Traded our Marriott Grande Vista week 35 3 Br unit for a 1 Br unit at Oyster Bay Beach Resort week 52.  Will be out third trip to St. Maartin this year!

Happy with the trade, and looking forward to some warm weather.  Hope the Euro stays low 'cause we like to eat in Grand Case.


----------



## PamMo (Jun 4, 2015)

Congrats on your trade! We love St Maarten/St Martin, and can totally understand your excitement. We keep trying to find time to head back down there - hopefully we'll be able to make it happen in 2016!


----------



## Gaozhen (Jun 5, 2015)

Nice work! We LOVE St. Maarten and are going back in March 2016, buying airfare in a couple weeks.  Wish we had 4 trips this year, but 1 a year will have to do!


----------



## Jwerking (Jun 17, 2015)

classiclincoln said:


> Traded our Marriott Grande Vista week 35 3 Br unit for a 1 Br unit at Oyster Bay Beach Resort week 52.  Will be out third trip to St. Maartin this year!
> 
> Happy with the trade, and looking forward to some warm weather.  Hope the Euro stays low 'cause we like to eat in Grand Case.



Have you stayed at the Oyster Bay Beach Resort previously?  I am debating between a studio at Oyster Bay or Simpson Bay Resort and Marina in mid-Oct.  Yikes, I know, hurricane season, but hoping for the best.  It is our first time to St. Maarten - so any comments on our two options would be appreciated. 

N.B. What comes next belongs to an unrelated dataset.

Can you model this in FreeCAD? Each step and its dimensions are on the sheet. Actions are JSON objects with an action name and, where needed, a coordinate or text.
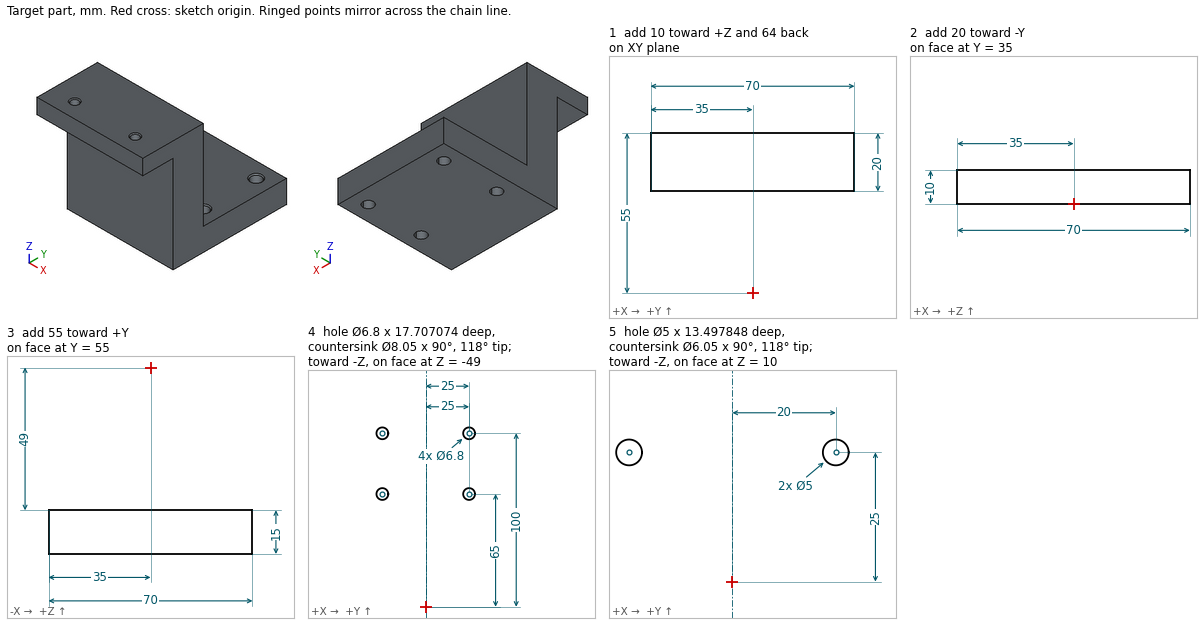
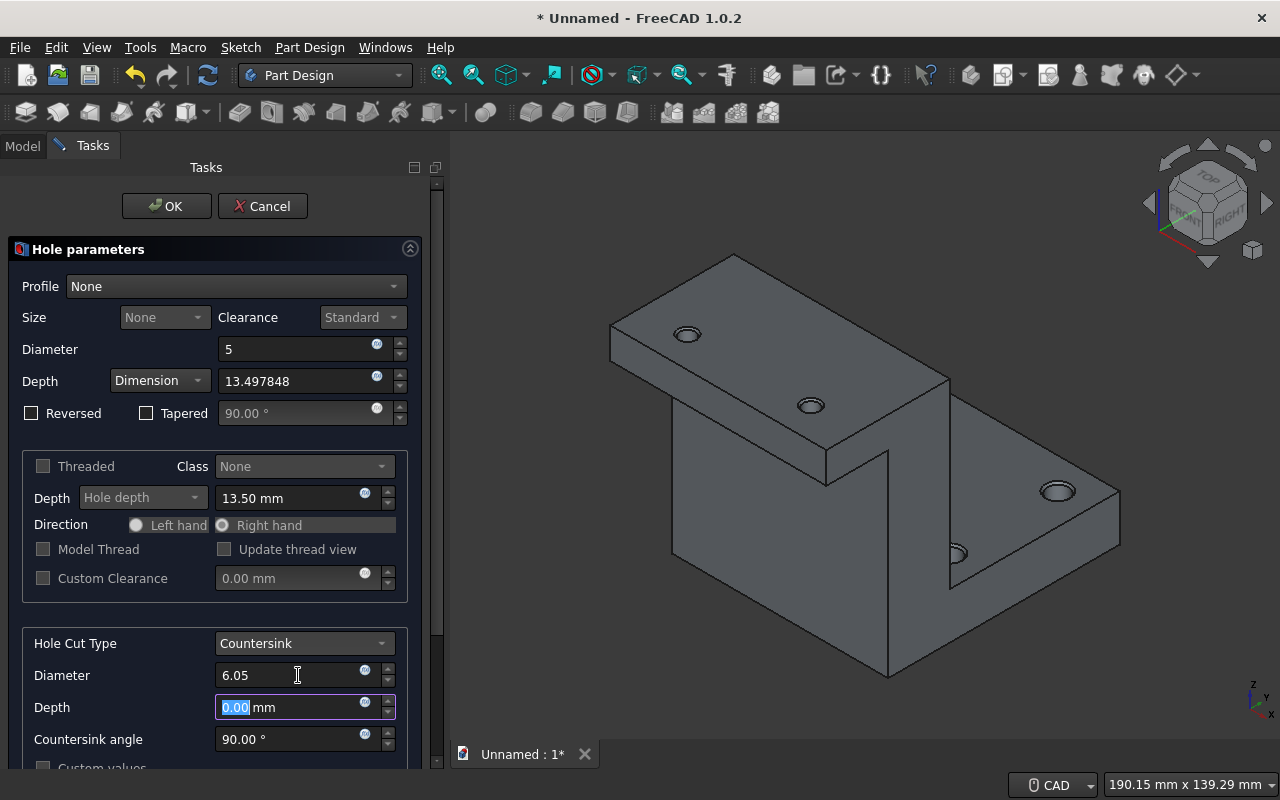
{"action": "left_click", "coordinate": [167, 206]}

Also, we will likely get in late at night since I am trying to use FF miles for flights.  Will we be able to pick up a rental car and get to either one of these resorts in the DARK?  Do they drive on the right side there like in the US or on the left?  

Thanks for any help.


----------



## Free2Roam (Jun 18, 2015)

They drive on the right side. My sister and I visited for the first time in December. We rented a car at the airport and drove to Oyster Bay after dark.  Neither of us brought a GPS, so it was quite the adventure! Fortunately I mapped out the route before leaving home and brought a printout with the directions... I only did that because sometimes the old GPS takes awhile to realize it's in a different country... we made it across the island without incident. There aren't many street signs so that made the trip a bit more interesting. Fortunately the island is small... It took me less than 2 days to become familiar.


----------